Besides putting students at legal risk, illegal downloading hurts many small record labels and emerging artists, said Ted Oberwager, a senior at Georgetown University and one of the members of Download Legal.
Oberwager said his knowledge comes from first-hand experience, as he has worked in the music industry for an “underground” record company. These companies need more direct financial support from their small pool of buyers than do large corporations who enjoy more popularity.
“[The small labels] don’t have the resources to make up for the loss,” Oberwager said.
Besides the concern over business interests, illegal file sharing can spread viruses and pose other computer security problems, Burgess said. It also infringes on copyright and intellectual property laws, he said, hence its designation as “illegal” downloading.
Oberwager said he believes it is due to ignorance on the consumer’s part for not realizing the severity of the crime being committed when a user illegally downloads a song.
“Kids know it’s bad to walk into a music store and steal a CD, but they don’t equate that when it’s done online,” Burgess said.
Jasmine LeFever a UCSB first-year political science major, said she believes that as long as services for illegal downloading are available, people will take advantage of them. LeFever said she previously used LimeWire to download music, but no longer has the software.
“People don’t [download illegally] to spite people,” LeFever said. “They do it because it’s free.”
First-year mathematics major Amber Regan said she feels justified in downloading illegally, which she does via the iTunes-based file sharing program OurTunes, because without it she wouldn’t have been exposed to many of the bands of which she is now a fan.

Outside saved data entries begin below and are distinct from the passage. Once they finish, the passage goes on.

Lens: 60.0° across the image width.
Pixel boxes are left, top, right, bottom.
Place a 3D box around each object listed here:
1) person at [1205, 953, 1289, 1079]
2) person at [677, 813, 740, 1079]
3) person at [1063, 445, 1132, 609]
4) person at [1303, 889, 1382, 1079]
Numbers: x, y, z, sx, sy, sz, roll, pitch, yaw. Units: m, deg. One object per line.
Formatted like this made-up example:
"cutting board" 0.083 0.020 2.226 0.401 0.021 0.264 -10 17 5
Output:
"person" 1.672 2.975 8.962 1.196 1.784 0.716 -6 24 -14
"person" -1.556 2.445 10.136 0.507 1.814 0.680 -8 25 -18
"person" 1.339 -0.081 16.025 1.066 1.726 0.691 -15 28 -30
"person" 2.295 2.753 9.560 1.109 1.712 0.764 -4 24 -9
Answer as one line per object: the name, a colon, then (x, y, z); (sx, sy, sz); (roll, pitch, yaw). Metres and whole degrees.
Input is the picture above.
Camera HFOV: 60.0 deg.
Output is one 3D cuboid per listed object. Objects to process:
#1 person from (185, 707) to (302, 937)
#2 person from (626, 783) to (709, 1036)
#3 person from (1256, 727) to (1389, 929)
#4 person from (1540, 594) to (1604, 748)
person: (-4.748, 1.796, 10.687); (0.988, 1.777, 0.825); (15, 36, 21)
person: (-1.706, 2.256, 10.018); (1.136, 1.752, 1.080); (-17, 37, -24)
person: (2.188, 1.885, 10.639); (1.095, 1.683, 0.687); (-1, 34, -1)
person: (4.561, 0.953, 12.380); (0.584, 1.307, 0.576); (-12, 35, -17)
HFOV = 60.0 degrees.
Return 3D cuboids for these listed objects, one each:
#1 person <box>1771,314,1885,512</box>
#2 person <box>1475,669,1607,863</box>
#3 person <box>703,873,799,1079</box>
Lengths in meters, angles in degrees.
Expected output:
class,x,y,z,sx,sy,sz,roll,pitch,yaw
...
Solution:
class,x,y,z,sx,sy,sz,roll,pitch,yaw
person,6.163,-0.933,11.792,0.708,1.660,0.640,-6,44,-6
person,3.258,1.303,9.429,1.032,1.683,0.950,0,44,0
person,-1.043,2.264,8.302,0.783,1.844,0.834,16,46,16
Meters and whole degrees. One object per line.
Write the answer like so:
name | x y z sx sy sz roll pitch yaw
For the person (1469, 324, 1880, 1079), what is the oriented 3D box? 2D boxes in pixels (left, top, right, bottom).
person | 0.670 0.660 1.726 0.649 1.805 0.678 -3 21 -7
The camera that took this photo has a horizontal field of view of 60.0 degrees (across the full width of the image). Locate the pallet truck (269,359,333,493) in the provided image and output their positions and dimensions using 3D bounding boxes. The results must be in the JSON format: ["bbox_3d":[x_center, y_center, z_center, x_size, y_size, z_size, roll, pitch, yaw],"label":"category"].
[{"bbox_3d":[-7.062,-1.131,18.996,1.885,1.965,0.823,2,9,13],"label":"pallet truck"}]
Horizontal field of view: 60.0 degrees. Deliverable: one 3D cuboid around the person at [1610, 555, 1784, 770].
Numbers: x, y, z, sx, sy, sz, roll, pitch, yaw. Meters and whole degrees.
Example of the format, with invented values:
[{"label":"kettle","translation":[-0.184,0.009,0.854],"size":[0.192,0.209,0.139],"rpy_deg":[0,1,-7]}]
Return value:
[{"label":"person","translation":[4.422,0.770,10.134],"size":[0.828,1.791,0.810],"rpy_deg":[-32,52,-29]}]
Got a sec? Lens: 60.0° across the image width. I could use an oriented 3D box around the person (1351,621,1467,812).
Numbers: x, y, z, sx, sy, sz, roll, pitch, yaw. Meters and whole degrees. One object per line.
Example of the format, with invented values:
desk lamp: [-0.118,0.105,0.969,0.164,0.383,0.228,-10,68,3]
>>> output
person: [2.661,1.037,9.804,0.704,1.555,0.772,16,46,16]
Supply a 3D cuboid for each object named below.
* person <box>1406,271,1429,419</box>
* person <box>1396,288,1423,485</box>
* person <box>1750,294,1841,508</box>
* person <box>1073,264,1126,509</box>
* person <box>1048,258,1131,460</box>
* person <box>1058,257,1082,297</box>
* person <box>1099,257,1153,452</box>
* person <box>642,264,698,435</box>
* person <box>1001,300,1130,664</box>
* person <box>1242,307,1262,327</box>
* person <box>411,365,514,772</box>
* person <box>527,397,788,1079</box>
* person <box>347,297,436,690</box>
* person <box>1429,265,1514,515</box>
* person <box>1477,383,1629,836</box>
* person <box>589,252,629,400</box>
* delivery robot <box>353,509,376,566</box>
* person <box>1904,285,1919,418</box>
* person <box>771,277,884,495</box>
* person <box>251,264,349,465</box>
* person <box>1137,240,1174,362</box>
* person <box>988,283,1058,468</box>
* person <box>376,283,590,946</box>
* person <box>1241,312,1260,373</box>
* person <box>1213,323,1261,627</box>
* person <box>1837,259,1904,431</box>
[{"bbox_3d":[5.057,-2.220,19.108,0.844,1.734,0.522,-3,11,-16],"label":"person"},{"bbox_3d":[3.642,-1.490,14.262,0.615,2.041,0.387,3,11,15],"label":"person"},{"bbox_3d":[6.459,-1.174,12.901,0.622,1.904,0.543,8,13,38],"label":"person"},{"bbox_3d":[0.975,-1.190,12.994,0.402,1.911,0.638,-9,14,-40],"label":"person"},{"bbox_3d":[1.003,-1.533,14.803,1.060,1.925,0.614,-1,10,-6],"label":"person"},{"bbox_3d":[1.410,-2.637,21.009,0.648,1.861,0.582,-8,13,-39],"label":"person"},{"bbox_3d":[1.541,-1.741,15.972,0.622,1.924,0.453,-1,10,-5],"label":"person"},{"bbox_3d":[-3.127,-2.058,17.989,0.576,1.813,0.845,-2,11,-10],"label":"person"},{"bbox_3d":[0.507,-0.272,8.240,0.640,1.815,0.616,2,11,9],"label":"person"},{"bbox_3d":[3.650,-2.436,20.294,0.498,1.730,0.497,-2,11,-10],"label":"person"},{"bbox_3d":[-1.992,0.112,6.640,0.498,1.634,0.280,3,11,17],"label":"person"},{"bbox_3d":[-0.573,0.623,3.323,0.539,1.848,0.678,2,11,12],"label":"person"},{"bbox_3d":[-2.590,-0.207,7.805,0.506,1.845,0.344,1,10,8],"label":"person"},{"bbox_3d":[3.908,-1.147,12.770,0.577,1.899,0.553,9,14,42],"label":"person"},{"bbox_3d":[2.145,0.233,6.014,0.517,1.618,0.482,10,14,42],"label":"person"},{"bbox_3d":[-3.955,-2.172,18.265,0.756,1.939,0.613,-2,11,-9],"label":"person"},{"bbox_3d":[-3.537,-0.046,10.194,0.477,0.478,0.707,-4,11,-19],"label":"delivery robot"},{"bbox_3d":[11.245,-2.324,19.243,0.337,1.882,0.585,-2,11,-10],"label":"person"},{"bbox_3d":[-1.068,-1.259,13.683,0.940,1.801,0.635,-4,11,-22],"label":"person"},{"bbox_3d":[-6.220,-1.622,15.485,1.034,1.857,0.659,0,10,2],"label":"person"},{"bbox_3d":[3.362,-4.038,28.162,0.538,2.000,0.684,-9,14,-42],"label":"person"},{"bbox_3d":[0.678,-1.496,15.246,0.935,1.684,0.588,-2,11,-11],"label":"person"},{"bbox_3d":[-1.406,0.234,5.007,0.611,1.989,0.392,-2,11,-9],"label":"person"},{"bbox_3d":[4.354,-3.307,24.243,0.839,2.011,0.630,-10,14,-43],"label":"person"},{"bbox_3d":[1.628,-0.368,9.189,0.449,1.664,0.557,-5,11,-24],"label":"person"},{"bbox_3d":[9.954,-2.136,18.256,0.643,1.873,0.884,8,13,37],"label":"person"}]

“I wouldn’t go and buy a CD for $20, but if I can download two or three songs and get an idea of what the band’s like, I’d rather do that,” Regan said.
Regan said she thinks her attitude is probably pervasive among her peers.
“I don’t think it’s that people are uneducated about the issue, it’s that college students are cheap,” Regan said. “They’re not going to pay for something when they can get it for free.”
Burgess said Download Legal will spread its message by tabling at concerts, sponsoring concerts and organizing media campaigns.
Oberwager said the group’s approach differs dramatically from previous anti-piracy campaigns, such as those mounted by the music industry. Instead of threatening students with arrest, Oberwager said, Download Legal takes an educational approach aimed at changing the current socially accepted behavior.
“I don’t think that targeting college kids downloading in their rooms is the best way to go about [dealing with the issue],” Oberwager said. “I think there’s a more positive way to do it.”
David Murphy, a graduate of Claremont McKenna College and member of Download Legal, said the rise in illegal downloading may be caused by the multitude of options and the easy access to those options. However, while services like OurTunes and LimeWire are just a few examples of the many file sharing programs that can be used to obtain media illegally, several legal options also exist. Services such as www.cinemanow.com and www.movieflix.com for movies, and iTunes and Napster for music offer a safer, legal alternative, he said.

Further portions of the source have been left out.